ミッドガルの見える丘。そこに垂直に突き刺さるバスターソード。
一瞬過去の幻影が見えた。
銃弾を何発も打ち込まれたザックスと、地面に染みこむ大量の血液と。
何度来てもこの息苦しさには慣れない。
軽く息をついて、袋から傘を取り出す。
まだ降っていないにも関わらず傘を広げた。
黒地に、シンプルな模様がついた例の傘。
「クラウド。」
突然聞こえる声。思わず振り返れば、ザードとフェリアが立っていた。
結構な距離が空いていて、今更ながら自分がどれだけ早く歩いてきたかを知った。
「なーにやってんだ?」
どうやら追いついたらしいザードはふざけた調子で、言った。
当然意味もなく(彼から見れば)差された傘のことだろう。
そのままクラウドの元に歩み寄ってくる。
決まり悪そうに前髪を掻き揚げるクラウドに、ザードは軽く笑った。
不意に、クラウドの後ろにある物の存在に気付いたらしい。
ザードは何気なく後ろを覗き込んだ。
そしてそのまま動きが停止した。
悪戯っぽい笑みを浮かべていたザックスの顔色が途端に変わる。
「……ザード?」
急な変化に驚いて呼んだ名前も聞こえているのかいないのか。
ザードは何の反応も返さない。ただ、クラウドの後ろの物、バスターソードに目を奪われている。

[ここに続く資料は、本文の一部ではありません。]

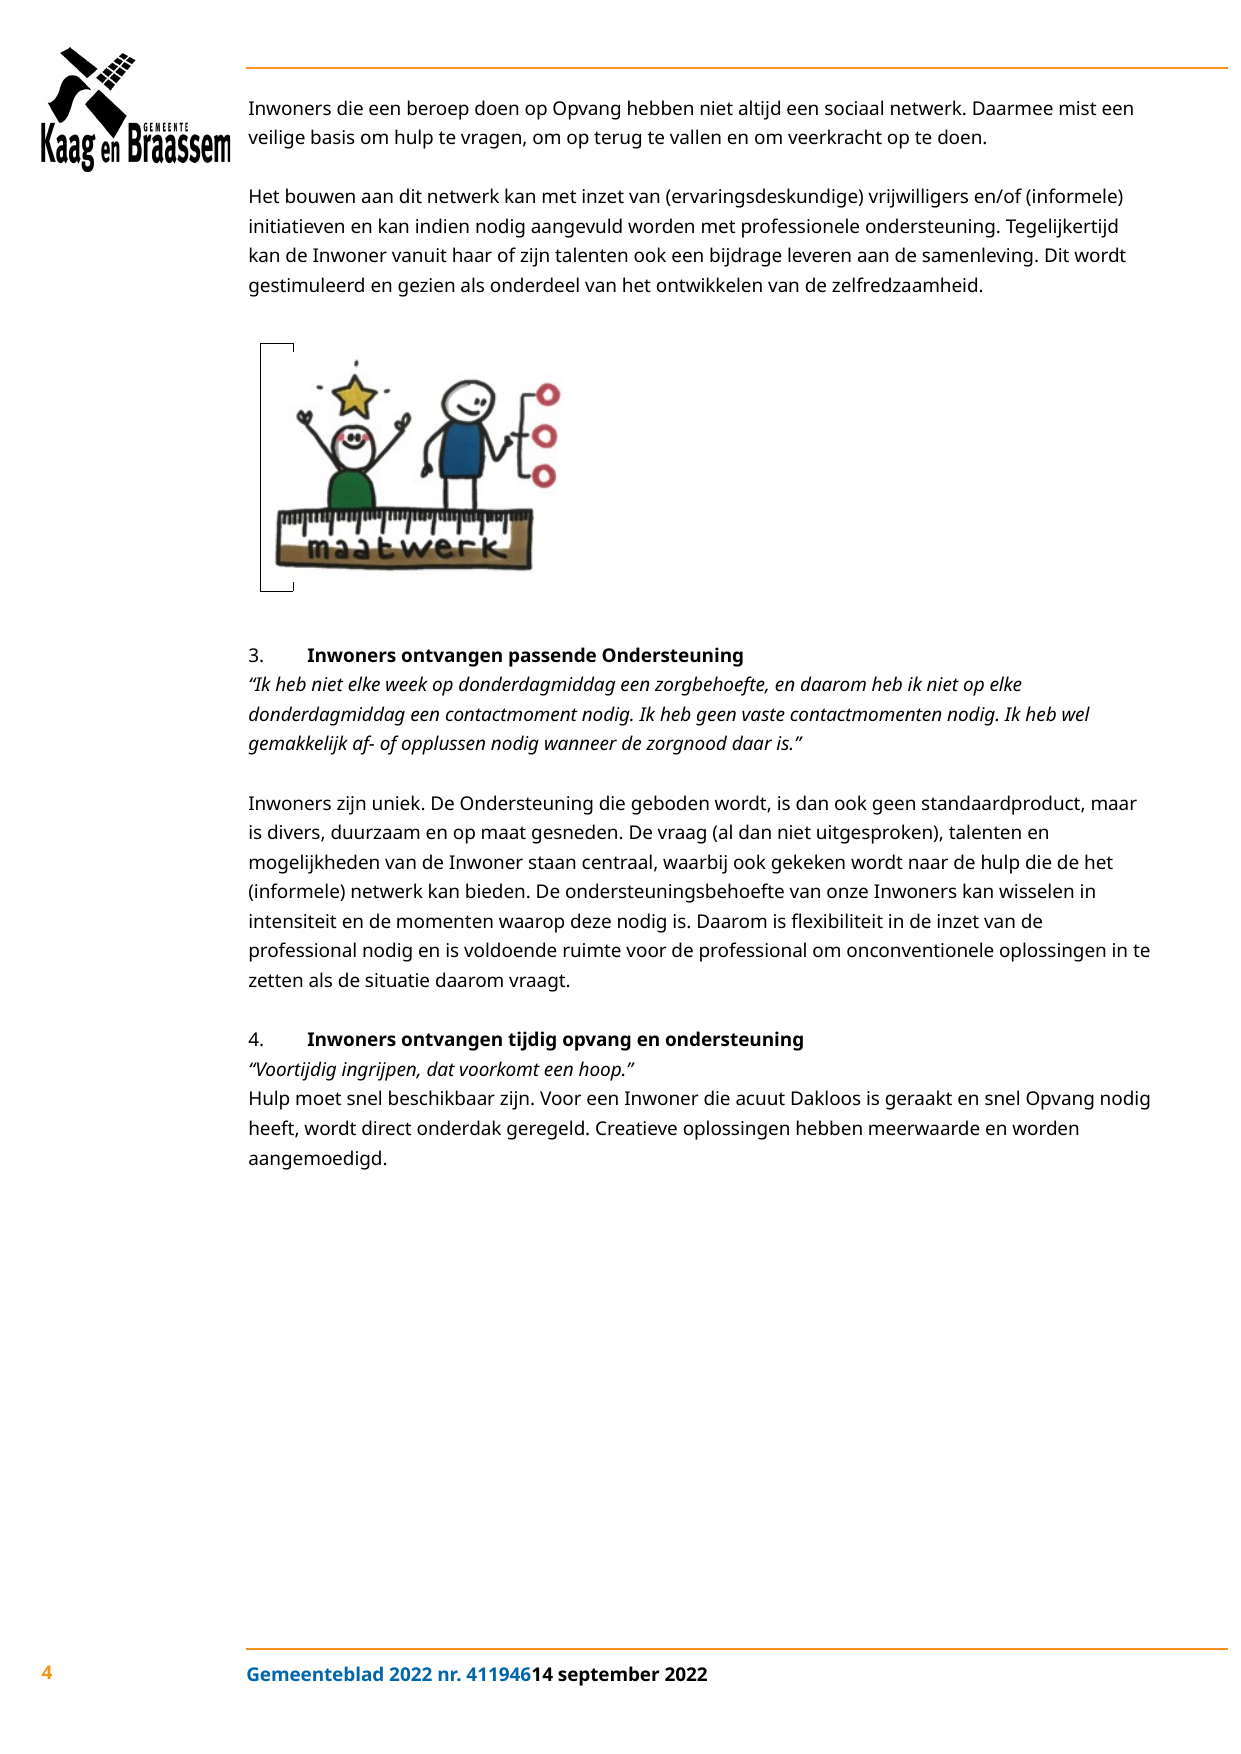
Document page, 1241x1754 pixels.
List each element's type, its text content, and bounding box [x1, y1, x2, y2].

text Het bouwen aan dit netwerk kan met inzet van (ervaringsdeskundige) vrijwilligers en/of (informele) initiatieven en kan indien nodig aangevuld worden met professionele ondersteuning. Tegelijkertijd kan de Inwoner vanuit haar of zijn talenten ook een bijdrage leveren aan de samenleving. Dit wordt gestimuleerd en gezien als onderdeel van het ontwikkelen van de zelfredzaamheid. [248, 183, 1152, 298]
text Inwoners zijn uniek. De Ondersteuning die geboden wordt, is dan ook geen standaardproduct, maar is divers, duurzaam en op maat gesneden. De vraag (al dan niet uitgesproken), talenten en mogelijkheden van de Inwoner staan centraal, waarbij ook gekeken wordt naar de hulp die de het (informele) netwerk kan bieden. De ondersteuningsbehoefte van onze Inwoners kan wisselen in intensiteit en de momenten waarop deze nodig is. Daarom is flexibiliteit in de inzet van de professional nodig en is voldoende ruimte voor de professional om onconventionele oplossingen in te zetten als de situatie daarom vraagt. [248, 790, 1152, 993]
list Inwoners ontvangen passende Ondersteuning [248, 642, 1152, 668]
text “Voortijdig ingrijpen, dat voorkomt een hoop.” [248, 1056, 1152, 1082]
list Inwoners ontvangen tijdig opvang en ondersteuning [248, 1026, 1152, 1052]
picture [268, 352, 565, 582]
text “Ik heb niet elke week op donderdagmiddag een zorgbehoefte, en daarom heb ik niet op elke donderdagmiddag een contactmoment nodig. Ik heb geen vaste contactmomenten nodig. Ik heb wel gemakkelijk af- of opplussen nodig wanneer de zorgnood daar is.” [248, 671, 1152, 756]
picture [41, 47, 231, 172]
text Hulp moet snel beschikbaar zijn. Voor een Inwoner die acuut Dakloos is geraakt en snel Opvang nodig heeft, wordt direct onderdak geregeld. Creatieve oplossingen hebben meerwaarde en worden aangemoedigd. [248, 1086, 1152, 1171]
text Inwoners die een beroep doen op Opvang hebben niet altijd een sociaal netwerk. Daarmee mist een veilige basis om hulp te vragen, om op terug te vallen en om veerkracht op te doen. [248, 95, 1152, 150]

暫くそのままでいたが、不意にザードは左手で軽くクラウドを押しのけた。
「あ、おい」
クラウドの呼びかけにも応じず、ザードはゆっくりとバスターソードの元に歩み寄った。
「…これ…。」
バスターソードの前まで来ると、ザードは険しい表情でバスターソードに触れた。
雨風に晒され、僅かに錆が滲む表面を指先で軽く撫でる。
「これ、俺知ってる…」
そう呟くと、ザードは柄の部分を確かめるように何度も握った。
「……え?」
小波が立つように心が揺れた。
そんなクラウドにも気付かず、ザードはもう一度バスターソードの表面をゆっくりと撫でる。
「なんか、懐かしい…。」
そう言ってザードは目を細めた。その視線は親愛の情に満ちている。
まるで機知の友人に向けるような、そんな視線。
暫くその刀身を黙って見つめていたザードが、ふと訝しげな顔をした。
その顔のままクラウドの方に目を向ける。心臓が大きく脈打つ。
ザードは暫く噤んでいた口を漸く開いた。
「なぁ、この剣って…」
「ザード」
咎める様な強い口調だった。声のした方を思わず振り返れば、フェリスが鋭い目つきでザードを見ている。
ピンと糸の張り詰めるような緊迫した空気が流れた。
「こっちに来て。」
有無を言わさぬような強い口調。ザードは言いかけた言葉を放棄して口を噤んだ。
大人しくフェリスの元に足を向ける。ちらりと一度だけバスターソードを振り返ったがそれも一瞬のこと。
ザードが隣まで来ると、フェリスはいきなりザードの首に腕を回した。
「…もういいじゃない。過ぎ去った過去のことなんて。」
抱き合ったままフェリスは言った。切羽詰ったような声だった。
「フェリス…」
「あなたが目覚めた時を思い出してみなさいよ。碌なことなかった。そうでしょう?」
早口に、まるで説き伏せるようにして、フェリスは言葉を紡ぐ。
ザードはふと一瞬空ろな瞳をして、小さく頷いた。